Imaging of inguinal-related groin pain in athletes

Myriame Bou Antoun 1,, Gilles Reboul 2, Maxime Ronot 3, Amandine Crombe 4, Nicolas Poussange 4, Lionel Pesquer 4
PMCID: PMC6319843  PMID: 29947268

Abstract

Inguinal canal-related groin pain is common in athletes and may involve numerous structures such as the conjoint tendon and the transversalis fascia. Ultrasound is the only dynamic tool that shows the passage of preperitoneal fat at the level of the Hesselbach triangle and allows excluding true inguinal hernias. Fascia transversalis bulging and inguinal ring dilatation may also be described. MRI assesses injuries of rectus abdominis and adductor longus enthesis and osteitis symphysis but its accuracy for the diagnosis of inguinal-related groin pain remains debated.

Introduction

Groin pain is one of the most frequent complain in athletes and is involved in up to 6% of all sports-related pathologies1 and 4% of injuries in professional soccer players.2 The terminology used for groin pain in athletes remains unclear and includes «athletic pubalgia», «sportsman’s hernia», «posterior wall weakness» and “inguinal related or groin pain”.3, 4 Moreover, «sportsman’s hernia» is a misleading term, since no hernia is present.
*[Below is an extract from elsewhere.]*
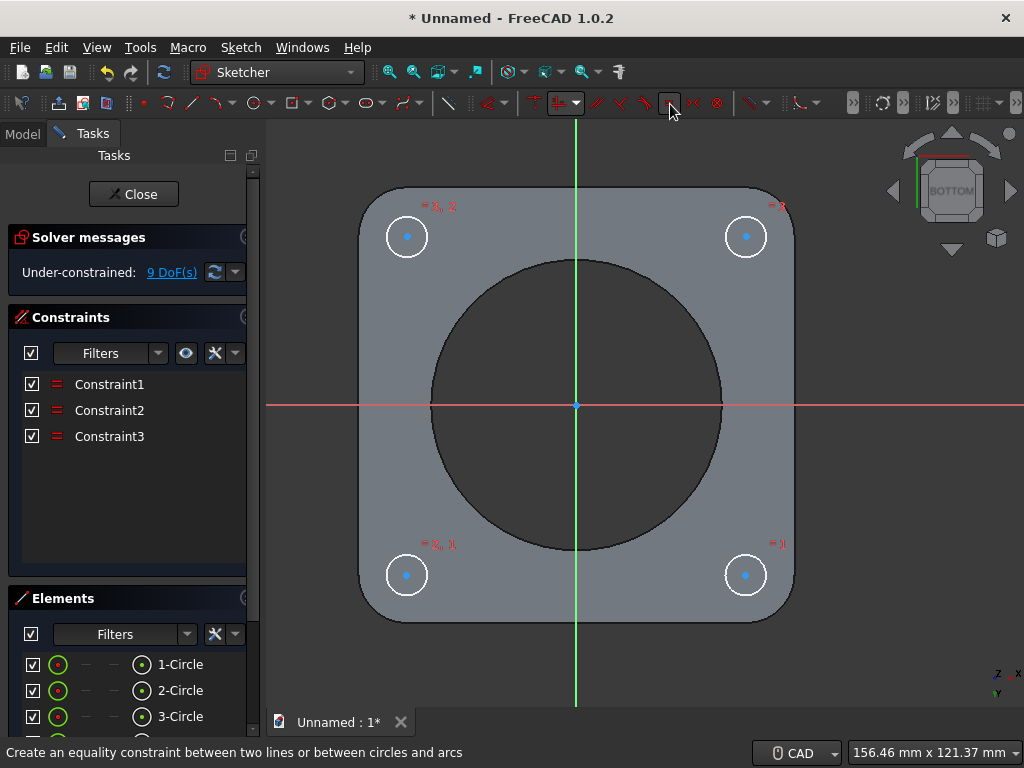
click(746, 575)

The 2014 Doha consensus conference identified four anatomical structures that may be the cause of groin pain: the inguinal wall, the proximal insertion of the adductor muscles, the pubic symphysis, and the iliopsoas muscle.5 Nevertheless, other causes such as hip internal derangement, rectus abdominis strain, pelvic stress fracture have also been cited.2, 6 Because of the anatomical continuum between the aponeuroses of the different muscles that insert in the pubic bone, these structures are often all involved.2,710 In athletes with inguinal canal-related groin pain, surgical studies usually differentiate lesions of the posterior wall, including the conjoint tendon and the transversalis fascia from those of the anterior wall, including the rectus abdominis muscle, the inguinal ligament and the external oblique aponeurosis.3, 11,12 The term «Sportsman’s hernia» does not seem accurate because it may still be confused with true inguinoscrotal hernia or wall weakness in young athletes.9

The role of imaging has not been fully clarified:4 the definition and the diagnostic criteria for the 2012 Manchester conference and updated at the 2014 Doha conference do not include imaging.3 Although several studies on the diagnosis and management of athletes with inguinal canal-related groin pain have been recently published,6, 11,12 data on imaging features remain scarce. A recent study reported the excellent diagnostic value of dynamic ultrasound for the diagnosis,11 and, although MRI remains the reference technique for the investigation of groin pain in athletes,1315 its role in the management of this pathology has not been fully defined.4 MRI is the gold-standard for the assessment of symphysis, adductor-related groin pain and the evaluation of rectus abdominis muscle.16 However, the role of MRI for the diagnosis of inguinal canal-related groin pain is less well-defined. Nevertheless, imaging plays a significant role in the diagnosis of this entity, and can help improve patient management by avoiding unnecessary surgery and limiting costs.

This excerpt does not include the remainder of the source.